Minnesota farmers moved a step closer to the state setting up a rainy day fund to help cover their losses when grain elevators go financially belly-up.
A bill to recover farmers' lost claims cleared a first hurdle on Monday, with a state Senate committee approving an indemnity fund for growers.
The measure, backed by the Minnesota Department of Agriculture (MDA) and some farm interest groups, has been long sought by farmers who've lost income off a year's harvest after selling their corn or soybeans to a grain elevator on a futures contract. If an elevator goes bankrupt before making those payments, farmers suffer the losses.
Neighboring states, such as Iowa and Wisconsin, already maintain such rainy day accounts, which pay out farmers' losses when they sell grain to an elevator that later files for bankruptcy and is unable to return the sold grain or pay for the sale.
In recent years, a number of elevators in Minnesota have gone bankrupt, including last October's collapse of Global Processing, an elevator in Hope whose owner siphoned off the business' cash to fund extravagant safaris, and the elevator in Karlstad.
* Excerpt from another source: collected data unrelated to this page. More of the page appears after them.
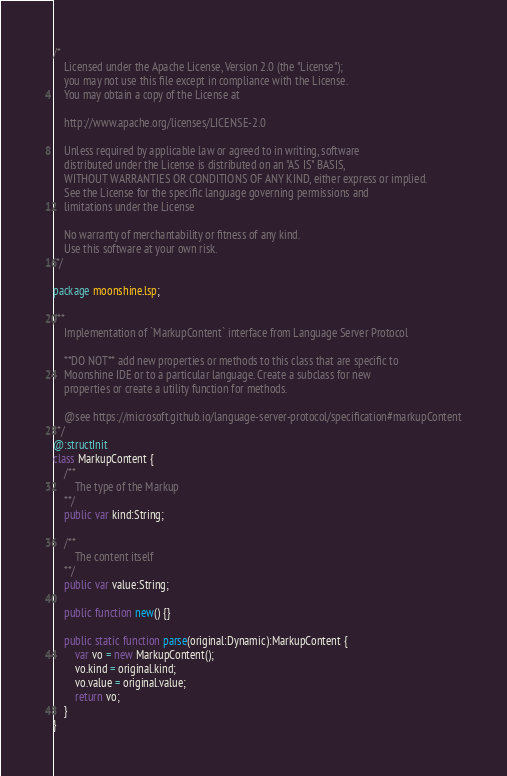Convert code to text. <code><loc_0><loc_0><loc_500><loc_500><_Haxe_>/*
	Licensed under the Apache License, Version 2.0 (the "License");
	you may not use this file except in compliance with the License.
	You may obtain a copy of the License at

	http://www.apache.org/licenses/LICENSE-2.0

	Unless required by applicable law or agreed to in writing, software
	distributed under the License is distributed on an "AS IS" BASIS,
	WITHOUT WARRANTIES OR CONDITIONS OF ANY KIND, either express or implied.
	See the License for the specific language governing permissions and
	limitations under the License

	No warranty of merchantability or fitness of any kind.
	Use this software at your own risk.
 */

package moonshine.lsp;

/**
	Implementation of `MarkupContent` interface from Language Server Protocol

	**DO NOT** add new properties or methods to this class that are specific to
	Moonshine IDE or to a particular language. Create a subclass for new
	properties or create a utility function for methods.
	 
	@see https://microsoft.github.io/language-server-protocol/specification#markupContent
**/
@:structInit
class MarkupContent {
	/**
		The type of the Markup
	**/
	public var kind:String;

	/**
		The content itself
	**/
	public var value:String;

	public function new() {}

	public static function parse(original:Dynamic):MarkupContent {
		var vo = new MarkupContent();
		vo.kind = original.kind;
		vo.value = original.value;
		return vo;
	}
}
</code> 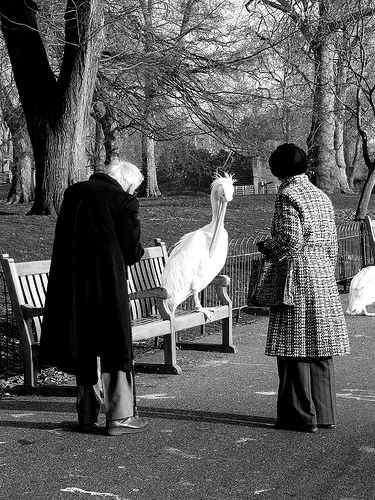Please provide a short description for this region: [0.64, 0.0, 0.87, 0.39]. Part of a tall tree, showcasing its textured bark and branches. 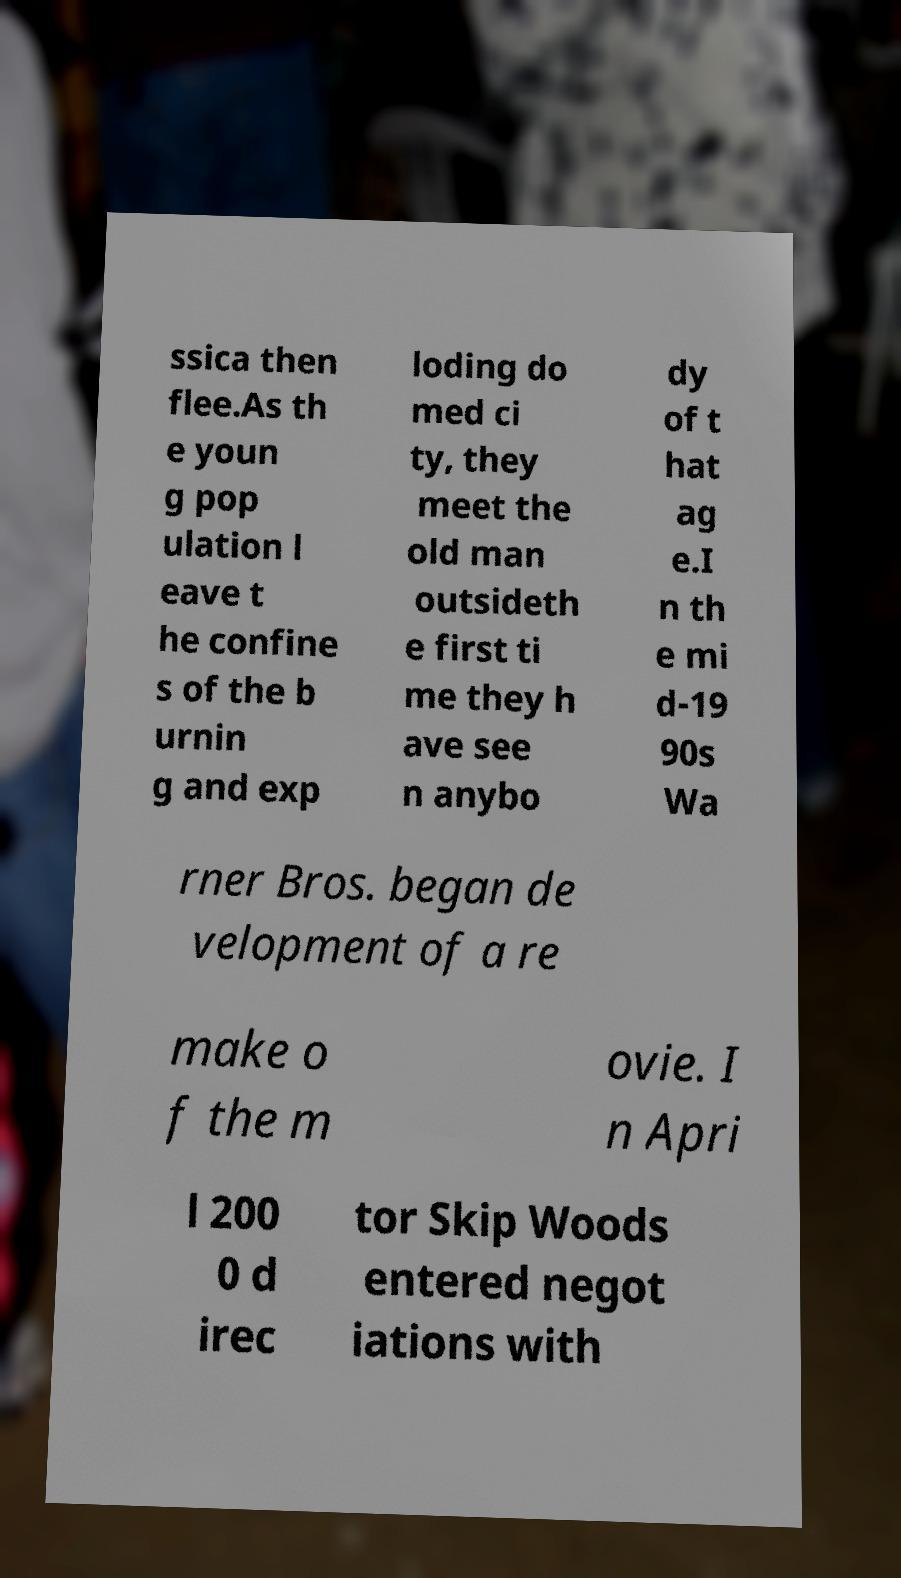Could you extract and type out the text from this image? ssica then flee.As th e youn g pop ulation l eave t he confine s of the b urnin g and exp loding do med ci ty, they meet the old man outsideth e first ti me they h ave see n anybo dy of t hat ag e.I n th e mi d-19 90s Wa rner Bros. began de velopment of a re make o f the m ovie. I n Apri l 200 0 d irec tor Skip Woods entered negot iations with

In some instances, farmers lose tens, even hundreds, of thousands of dollars.
Brian Herbst, a fourth-generation farmer from Kasson in southeastern Minnesota, told the committee his family-owned operation was on the hook for $350,000 after the buyer, Pipeline Foods, went through bankruptcy protection two summers ago.
"That is a number that is just really hard to bounce back from," Herbst said in testimony. "We'll feel that for years."
The bill was birthed by a working group convened by the state Department of Agriculture at the behest of legislators last year.